I was asked the following question in a physics worksheet:
A $2.0 \,\mathrm{mW}$ laser is shone onto a metal plate. The cross-sectional area of the beam is $4.0\times 10^{-6} \, \mathrm m^2$. Assume all light is absorbed, and the laser is emits all light at $4.7\times 10^{14} \, \mathrm{Hz}$. Calculate the pressure due to the light.

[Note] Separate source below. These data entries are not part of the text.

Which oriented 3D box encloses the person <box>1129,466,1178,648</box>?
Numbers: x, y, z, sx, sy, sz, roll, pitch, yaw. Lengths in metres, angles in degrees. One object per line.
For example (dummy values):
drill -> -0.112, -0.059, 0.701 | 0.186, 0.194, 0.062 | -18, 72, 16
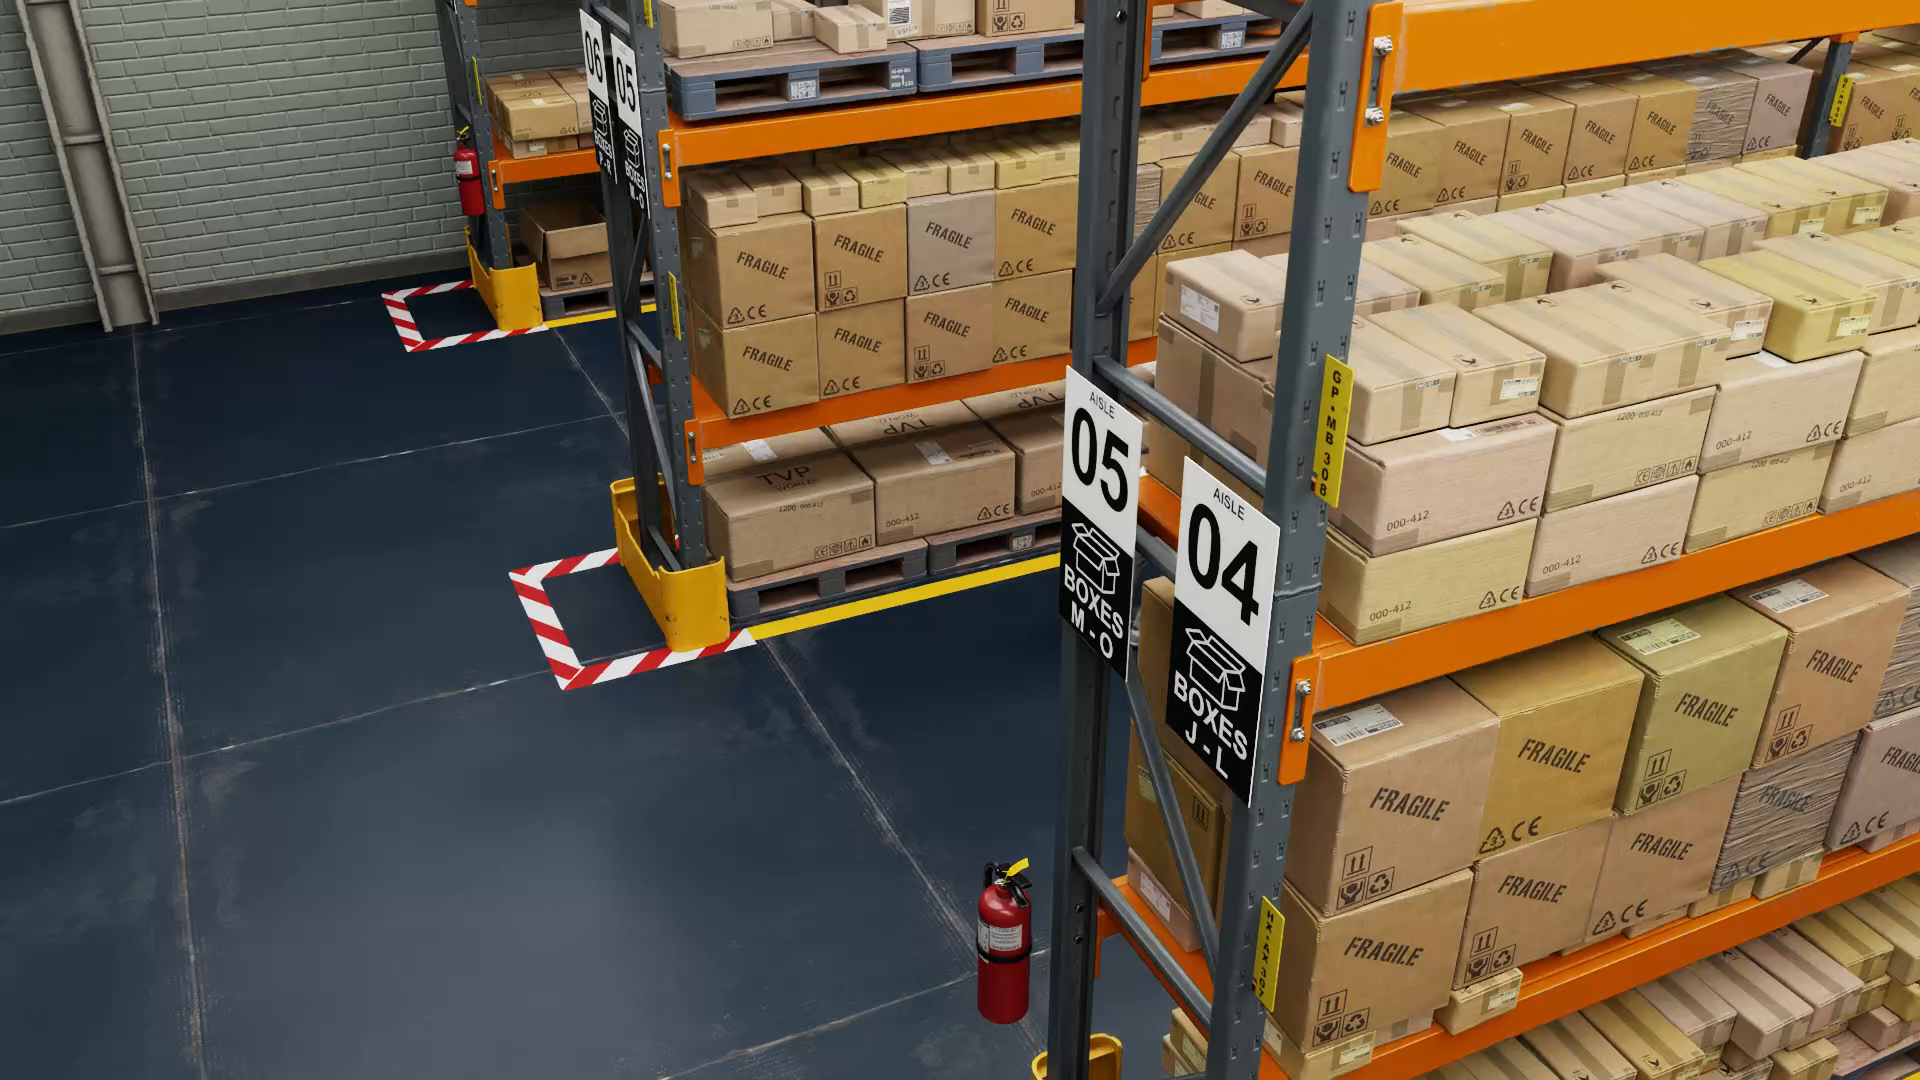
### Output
person -> 1.174, 0.026, 9.068 | 0.917, 1.005, 0.433 | -15, 33, -24
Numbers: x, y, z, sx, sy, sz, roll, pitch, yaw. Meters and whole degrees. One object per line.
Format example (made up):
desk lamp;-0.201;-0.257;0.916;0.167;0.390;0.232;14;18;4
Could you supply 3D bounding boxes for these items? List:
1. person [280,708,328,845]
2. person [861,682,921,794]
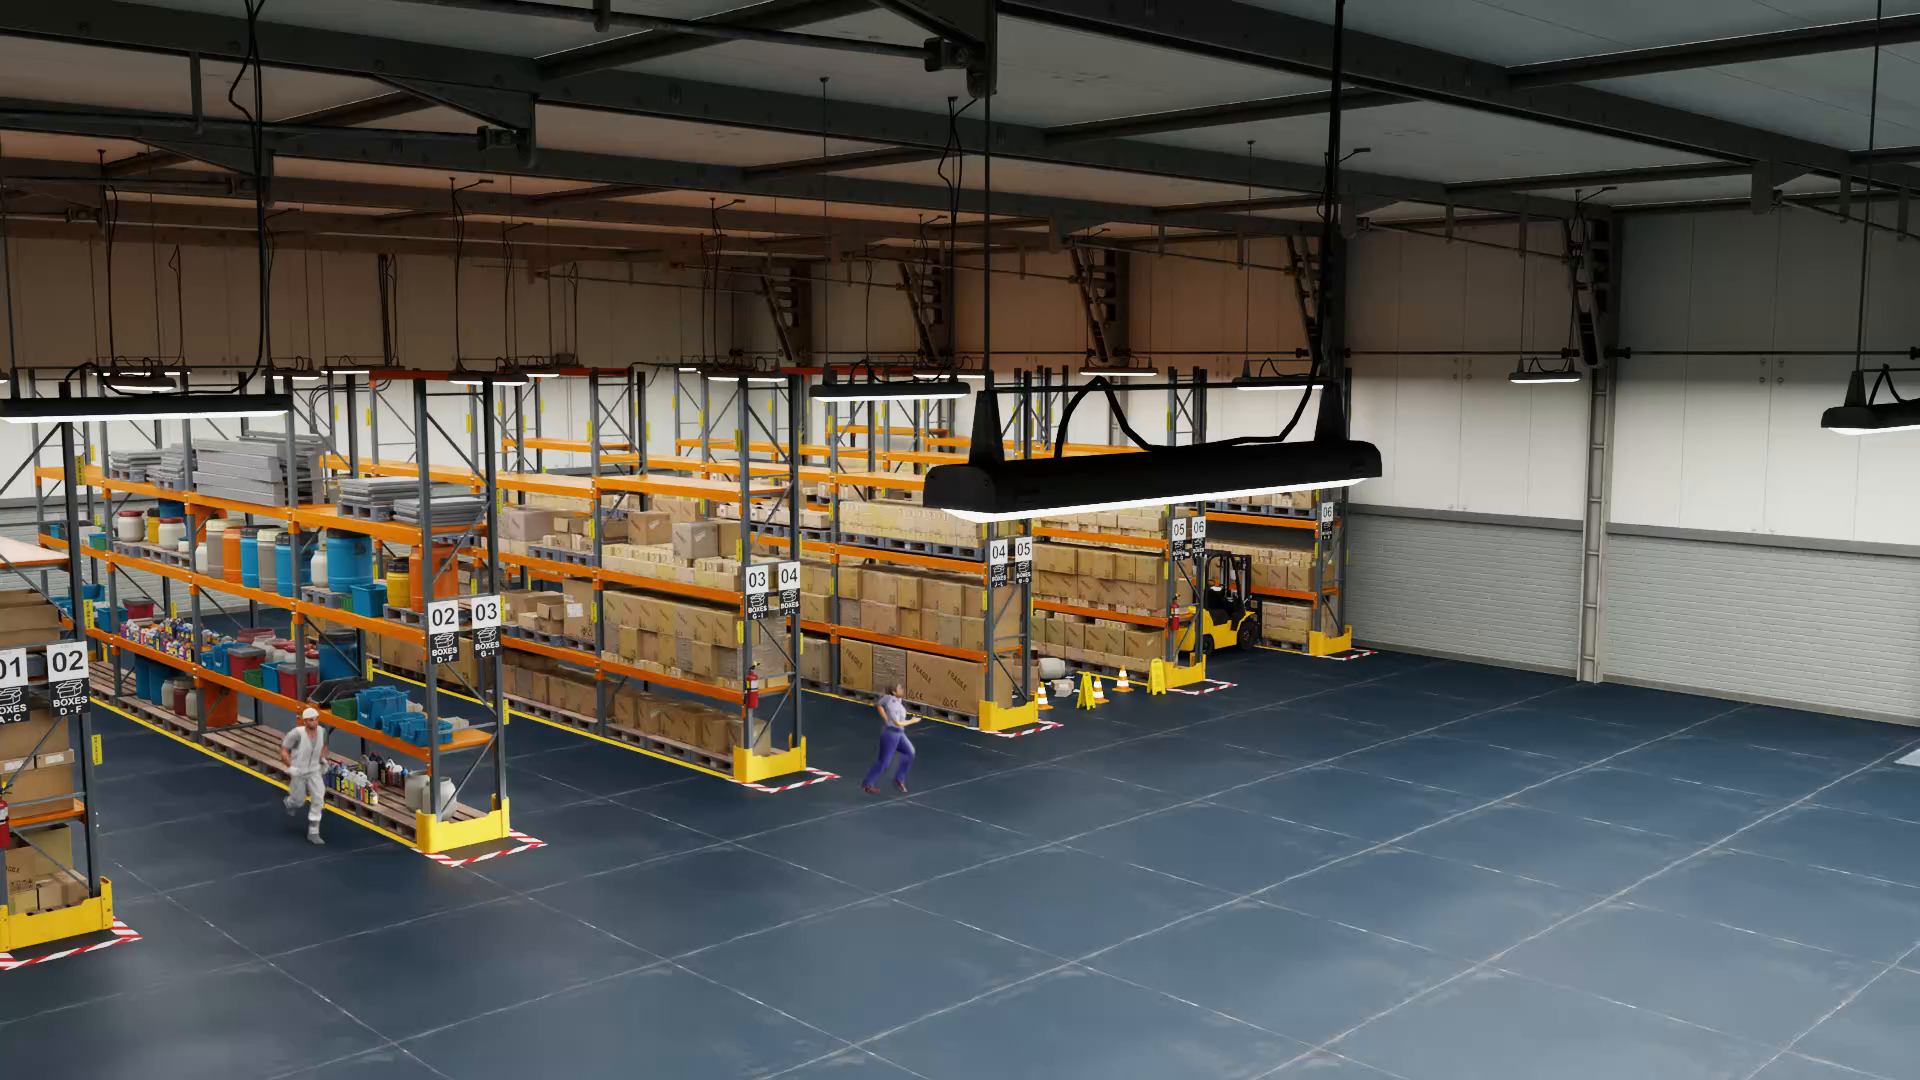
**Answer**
person;-8.557;3.035;21.696;0.986;1.766;0.659;6;9;43
person;-0.983;2.840;23.807;0.841;1.669;0.613;0;6;0
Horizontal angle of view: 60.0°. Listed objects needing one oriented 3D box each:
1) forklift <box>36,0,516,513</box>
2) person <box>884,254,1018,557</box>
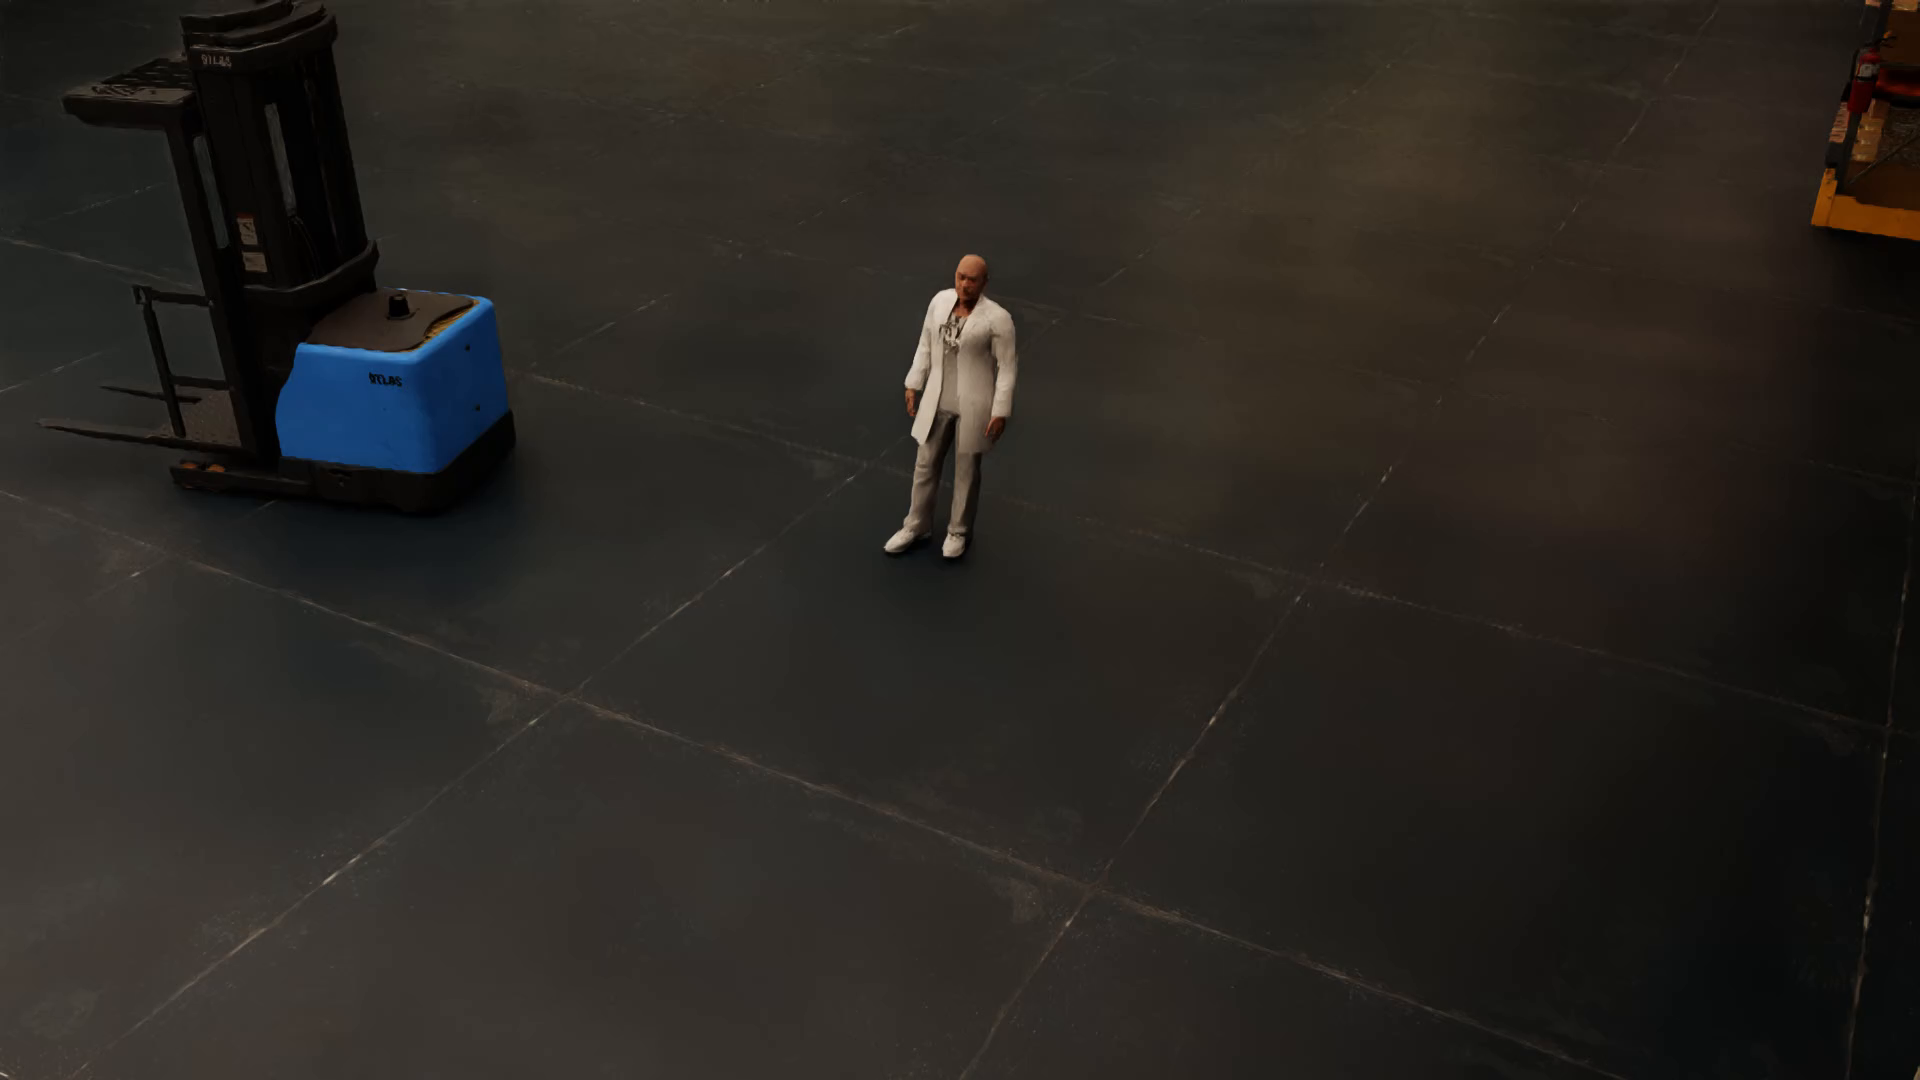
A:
[{"bbox_3d":[-4.507,-1.823,10.229,3.031,2.935,1.130,7,31,12],"label":"forklift"},{"bbox_3d":[-0.048,-0.737,9.488,0.694,1.776,0.579,15,33,25],"label":"person"}]
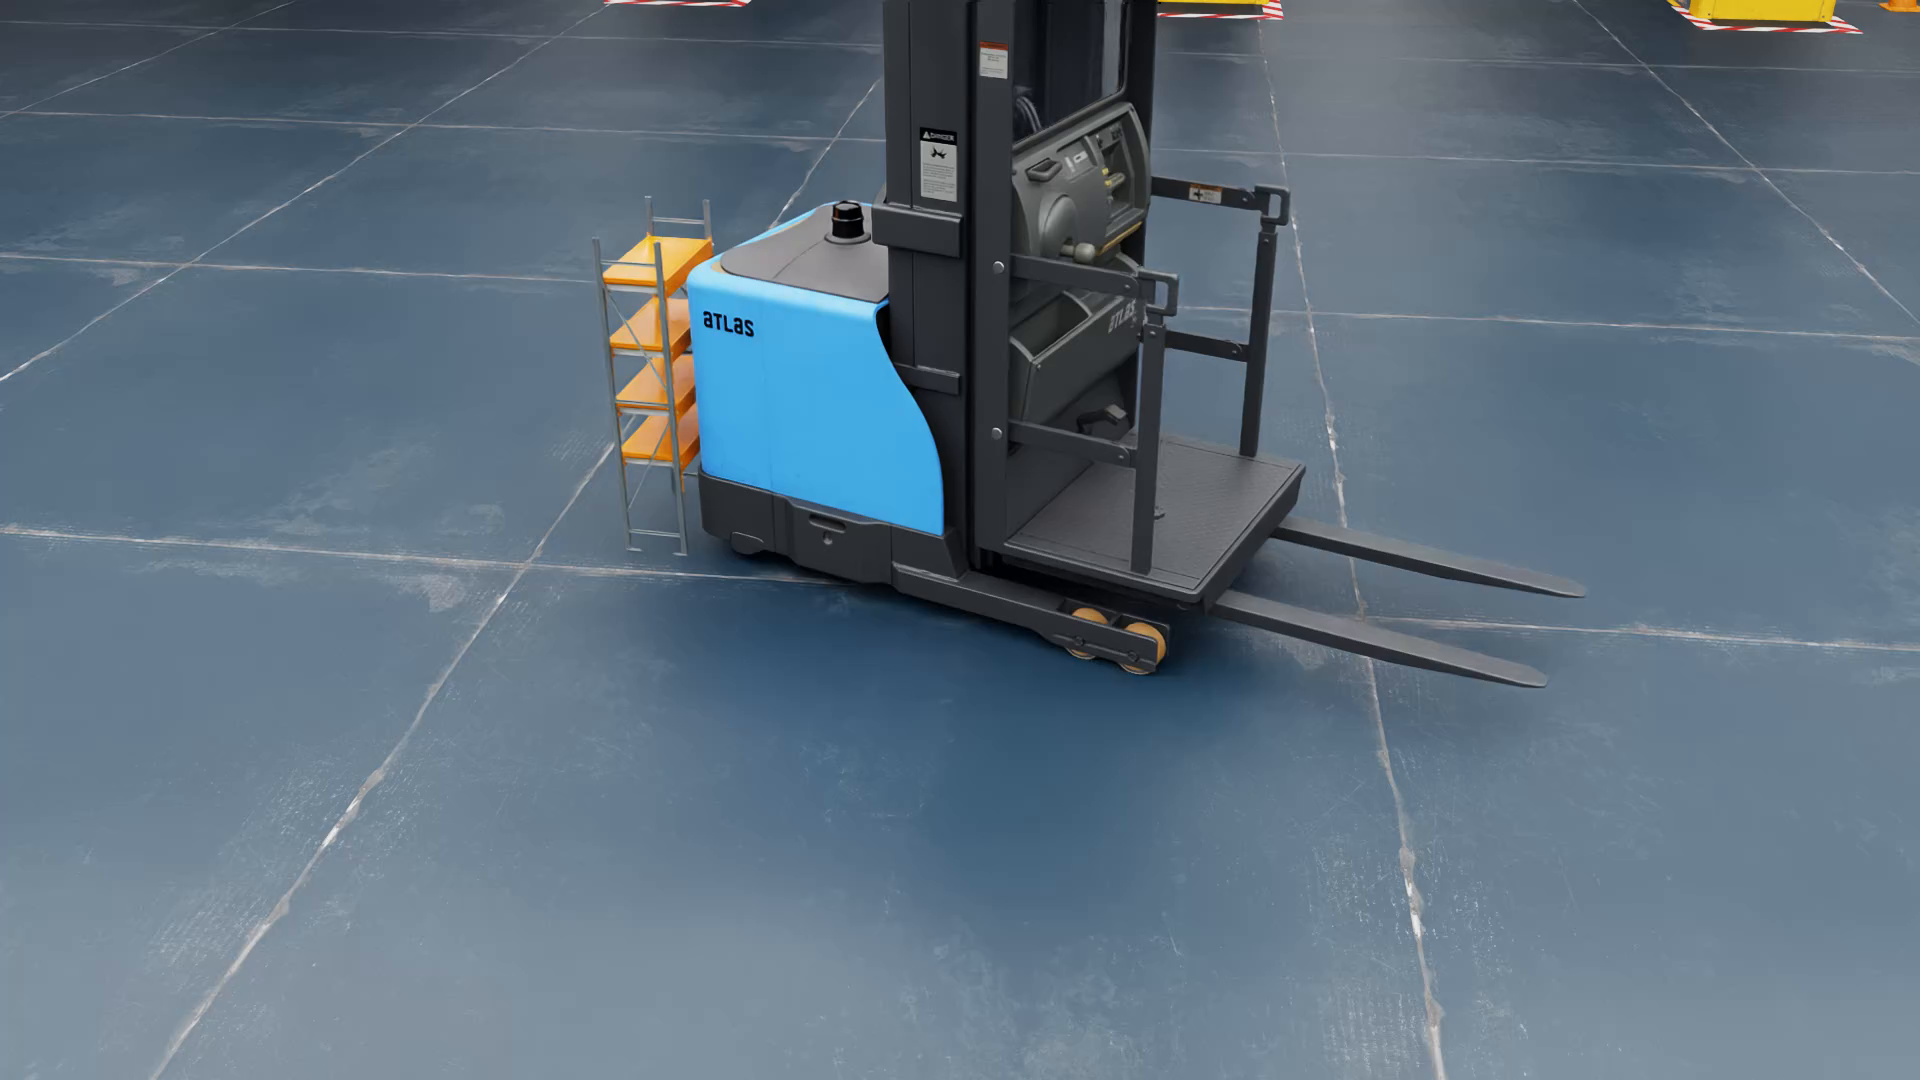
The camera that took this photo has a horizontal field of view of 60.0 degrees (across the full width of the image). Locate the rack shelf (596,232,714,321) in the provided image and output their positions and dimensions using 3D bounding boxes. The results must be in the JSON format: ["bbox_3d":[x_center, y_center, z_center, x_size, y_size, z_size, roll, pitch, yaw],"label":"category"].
[{"bbox_3d":[-1.073,-0.940,5.900,0.258,0.148,0.480,6,29,10],"label":"rack shelf"}]

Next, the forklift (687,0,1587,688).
[{"bbox_3d":[0.581,-1.139,5.274,3.031,2.935,1.130,15,32,25],"label":"forklift"}]

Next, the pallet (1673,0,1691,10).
[{"bbox_3d":[7.251,-5.220,15.717,1.003,0.211,1.213,3,28,6],"label":"pallet"}]

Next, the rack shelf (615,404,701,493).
[{"bbox_3d":[-1.073,-0.360,6.213,0.258,0.148,0.480,6,29,10],"label":"rack shelf"}]

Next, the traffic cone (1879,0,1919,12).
[{"bbox_3d":[8.705,-5.117,15.261,0.336,0.463,0.334,3,28,6],"label":"traffic cone"}]

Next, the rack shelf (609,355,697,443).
[{"bbox_3d":[-1.073,-0.534,6.119,0.258,0.148,0.480,6,29,10],"label":"rack shelf"}]

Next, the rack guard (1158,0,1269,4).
[{"bbox_3d":[2.330,-5.338,15.631,1.175,0.500,0.348,3,28,6],"label":"rack guard"}]

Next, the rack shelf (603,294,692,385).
[{"bbox_3d":[-1.073,-0.731,6.013,0.258,0.148,0.480,6,29,10],"label":"rack shelf"}]

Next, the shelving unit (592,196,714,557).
[{"bbox_3d":[-1.073,-0.594,6.087,0.258,1.200,0.503,6,29,10],"label":"shelving unit"}]

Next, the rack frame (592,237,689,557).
[{"bbox_3d":[-1.123,-0.480,5.876,0.240,1.200,0.015,6,29,10],"label":"rack frame"}]

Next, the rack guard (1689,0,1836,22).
[{"bbox_3d":[7.228,-4.955,14.920,1.175,0.500,0.348,3,28,6],"label":"rack guard"}]

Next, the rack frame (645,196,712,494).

My current approach was along the lines of: $$\begin{aligned} p &=\dfrac{hf}{c}\\ &=\dfrac{h\times4.7\times10^{14}}{3\times10^{8}}\\ &=1.0\times10^{-27}\mathrm{Ns}\\ \end{aligned}$$ $$\begin{aligned} f_{e^-}&=\tfrac{P}{E}=\tfrac{P}{hf}\\ &=\dfrac{2.0\times 10^{-3}}{hf}\\ &=6.45\times10^{15}\mathrm{Hz}\\ \end{aligned}$$ $$\begin{aligned} F&=\frac{\mathrm dp}{\mathrm dt}\\ &=p\times f_{e^-}\\ &=6.7\times10^{-12}\mathrm{N}\\ \end{aligned}$$ $$\begin{aligned} P&=\frac{F}{A}\\ &=\frac{6.7\times 10^{-12}}{4.0\times 10^{-6}}\\ &=1.7\times 10^{-6}\mathrm{Pa} \end{aligned}$$
But a classmate of mine used $P=Fv$ (i.e. power used to propel a point mass is equal to the force applied to that mass times the velocity of that mass) to solve for the force, and I don’t understand how that equation, which is used in linear kinematics, applies to a massless particle.
I understand the principle that light exerts pressure, but why does this formula which was derived for something entirely different apply in this context?